Room: Salon F   9:30 am–11:00 am

Moderator(s): C. A. Hipsley, E. Sherratt, & H. C. Maddin
FOS1-1  9:30 am  Introduction to the Symposium. Maddin HC*, Carleton University   hillary.maddin@carleton.ca


FOS1-2  9:45 am  The influence of fossoriality on cranial architecture in caecilian amphibians (Gymnophiona). Brenning M.*, Carleton University; Kleinteich T., Kiel University; Wake M., University of California Berkeley; Maddin H., Carleton University   matthew.brenning@carleton.ca
Abstract: Fossoriality, wherein the head is employed as the primary locomotor organ (i.e., head-first burrowing), has evolved multiple times independently within Tetrapoda. Among these, caecilians have been shown to exert some of the greatest forces against the substrate during burrowing, and this has been attributed to their unique mode of hydrostatic locomotion. In order to gain a clearer understanding of the features associated with their forceful mode of fossoriality, the skulls of caecilians were examined from both morphological and mechanical perspectives. Examination of cranial architecture reveals elements of the dermal skull form extensive lap joints with adjacent elements in the anteroposterior direction, whereas overlap between elements in the mediolateral direction is minimal or absent. Dense networks of collagen fibres span the joint surfaces. In addition, nostrils are rimmed with cartilage throughout life, and joints between certain elements (e. g., maxillopalatine and braincase) are filled with cartilaginous plugs, also predominantly oriented in the anteroposterior direction. Results of finite element analysis support the hypothesis that cranial joints together with strategically placed cartilages form a complex dampening system, capable of reducing the transmission of compressive forces to the braincase and throughout the dermal skull produced during head-first burrowing. These features contrast somewhat with those known for other fossorial tetrapods, and may thus represent important adaptations associated with the style of burrowing observed within the caecilian lineage.

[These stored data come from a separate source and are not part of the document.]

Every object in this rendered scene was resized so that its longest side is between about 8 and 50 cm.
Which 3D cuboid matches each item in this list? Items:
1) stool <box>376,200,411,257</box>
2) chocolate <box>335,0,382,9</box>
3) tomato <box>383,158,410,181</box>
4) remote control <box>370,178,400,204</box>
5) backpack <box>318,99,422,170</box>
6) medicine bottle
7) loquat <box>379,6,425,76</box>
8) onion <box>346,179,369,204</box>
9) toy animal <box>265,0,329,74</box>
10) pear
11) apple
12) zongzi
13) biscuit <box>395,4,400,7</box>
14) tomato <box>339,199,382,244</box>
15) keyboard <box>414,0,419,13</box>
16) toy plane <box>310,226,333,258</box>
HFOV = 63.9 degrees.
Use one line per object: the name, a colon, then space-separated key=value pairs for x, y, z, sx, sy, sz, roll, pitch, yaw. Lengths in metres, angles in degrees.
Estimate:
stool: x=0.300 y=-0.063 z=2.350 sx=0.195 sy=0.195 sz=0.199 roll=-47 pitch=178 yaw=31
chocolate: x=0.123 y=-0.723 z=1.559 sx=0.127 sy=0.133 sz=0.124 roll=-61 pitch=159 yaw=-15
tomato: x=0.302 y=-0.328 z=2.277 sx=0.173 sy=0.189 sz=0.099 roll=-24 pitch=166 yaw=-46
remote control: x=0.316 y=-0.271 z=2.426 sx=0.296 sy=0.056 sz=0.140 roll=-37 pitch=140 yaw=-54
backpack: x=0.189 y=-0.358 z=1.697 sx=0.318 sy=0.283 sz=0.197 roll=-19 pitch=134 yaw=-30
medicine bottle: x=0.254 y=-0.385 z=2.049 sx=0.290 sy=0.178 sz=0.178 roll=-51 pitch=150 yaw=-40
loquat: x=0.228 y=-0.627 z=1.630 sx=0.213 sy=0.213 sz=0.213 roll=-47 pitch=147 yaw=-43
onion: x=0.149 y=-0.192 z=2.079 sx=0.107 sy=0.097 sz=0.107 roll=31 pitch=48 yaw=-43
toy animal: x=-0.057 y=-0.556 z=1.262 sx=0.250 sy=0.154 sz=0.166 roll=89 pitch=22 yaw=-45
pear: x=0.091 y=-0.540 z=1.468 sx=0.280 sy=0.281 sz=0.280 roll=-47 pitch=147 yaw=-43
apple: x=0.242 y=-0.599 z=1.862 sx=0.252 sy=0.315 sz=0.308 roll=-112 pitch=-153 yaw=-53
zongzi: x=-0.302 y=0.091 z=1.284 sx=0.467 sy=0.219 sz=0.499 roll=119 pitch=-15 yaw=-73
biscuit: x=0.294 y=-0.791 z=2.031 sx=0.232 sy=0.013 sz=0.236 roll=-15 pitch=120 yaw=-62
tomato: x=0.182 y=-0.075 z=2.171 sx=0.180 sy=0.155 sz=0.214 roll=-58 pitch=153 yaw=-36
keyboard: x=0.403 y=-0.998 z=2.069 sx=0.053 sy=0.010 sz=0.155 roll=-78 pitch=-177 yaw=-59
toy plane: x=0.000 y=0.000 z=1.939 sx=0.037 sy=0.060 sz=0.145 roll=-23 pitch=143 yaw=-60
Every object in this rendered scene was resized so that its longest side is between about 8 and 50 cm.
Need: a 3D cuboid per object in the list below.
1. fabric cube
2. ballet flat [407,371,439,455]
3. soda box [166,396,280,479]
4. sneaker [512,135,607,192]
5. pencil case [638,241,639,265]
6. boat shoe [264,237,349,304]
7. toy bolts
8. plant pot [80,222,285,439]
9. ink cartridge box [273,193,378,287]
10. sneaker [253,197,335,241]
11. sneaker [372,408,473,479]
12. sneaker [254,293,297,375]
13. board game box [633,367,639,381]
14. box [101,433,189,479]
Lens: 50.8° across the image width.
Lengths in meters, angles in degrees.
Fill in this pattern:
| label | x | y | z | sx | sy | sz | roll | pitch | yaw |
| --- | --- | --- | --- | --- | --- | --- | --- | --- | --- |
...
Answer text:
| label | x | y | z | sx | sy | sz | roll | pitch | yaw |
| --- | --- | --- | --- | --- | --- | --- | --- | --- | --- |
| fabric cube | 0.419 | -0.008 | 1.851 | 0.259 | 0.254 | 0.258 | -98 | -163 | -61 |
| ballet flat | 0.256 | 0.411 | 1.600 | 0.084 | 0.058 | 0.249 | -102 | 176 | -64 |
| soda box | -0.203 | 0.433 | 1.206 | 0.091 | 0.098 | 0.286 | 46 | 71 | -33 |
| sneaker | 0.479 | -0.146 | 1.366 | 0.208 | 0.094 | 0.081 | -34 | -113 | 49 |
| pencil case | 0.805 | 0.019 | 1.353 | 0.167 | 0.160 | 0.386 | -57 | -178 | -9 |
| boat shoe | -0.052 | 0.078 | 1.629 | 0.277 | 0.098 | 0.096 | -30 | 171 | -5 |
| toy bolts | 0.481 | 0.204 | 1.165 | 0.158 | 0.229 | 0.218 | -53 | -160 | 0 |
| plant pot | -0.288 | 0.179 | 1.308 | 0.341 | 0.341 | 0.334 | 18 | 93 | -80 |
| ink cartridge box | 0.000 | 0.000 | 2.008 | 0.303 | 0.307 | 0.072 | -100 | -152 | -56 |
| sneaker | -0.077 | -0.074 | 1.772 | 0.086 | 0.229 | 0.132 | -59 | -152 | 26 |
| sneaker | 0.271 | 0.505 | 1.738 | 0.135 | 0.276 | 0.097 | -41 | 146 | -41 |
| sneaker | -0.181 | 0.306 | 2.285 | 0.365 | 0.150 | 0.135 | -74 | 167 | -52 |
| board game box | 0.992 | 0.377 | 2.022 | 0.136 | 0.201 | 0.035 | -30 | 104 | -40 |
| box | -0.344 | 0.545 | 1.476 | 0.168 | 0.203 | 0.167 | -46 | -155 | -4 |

FOS1-3  10:00 am  Eyes underground: The degradation of vision genes in subterranean environments. Emerling CA*, University of California Berkeley; Springer MS, University of California Riverside   caemerling@berkeley.edu
Abstract: Vertebrates that have adapted to a subterranean niche experience various extreme conditions, which include a drastic reduction in light exposure. Evolutionary theory predicts that commitment to life underground for millions of years should relax selection on, or select against, traits involved in detecting light, resulting in the degradation of photosensory systems and their underlying genes. Here we test this hypothesis by examining the functionality of 65 vision genes in three fossorial mammals with varying commitments to underground life: the star-nosed mole (Condylura cristata), naked mole-rat (Heterocephalus glaber), and Cape golden mole (Chrysochloris asiatica). We show that the highly subterranean naked mole-rat and golden mole have a greater abundance of visual pseudogenes than the facultatively subaerial star nosed-mole, and the loss of genes is mostly restricted to those that function in bright-light. We provide evidence of complete loss of cone photoreceptors in the golden mole, the first genomic confirmation of pure-rod retinas in a terrestrial vertebrate. We then estimated the timing of vision gene loss and found that it largely postdates inferred adaptations for fossoriality. This suggests that vision pseudogenes can be used to estimate the minimum age of adaptation to a subterranean environment in vertebrates with a limited or absent fossil record. We then show that the loss of bright-light visual genes also occurred early in the history of xenarthrans (sloths, armadillos, anteaters) potentially suggesting an early subterranean bottleneck in this clade. We further demonstrate that genes related to melatonin production and reception also have degraded in xenarthrans, providing further support for this hypothesis.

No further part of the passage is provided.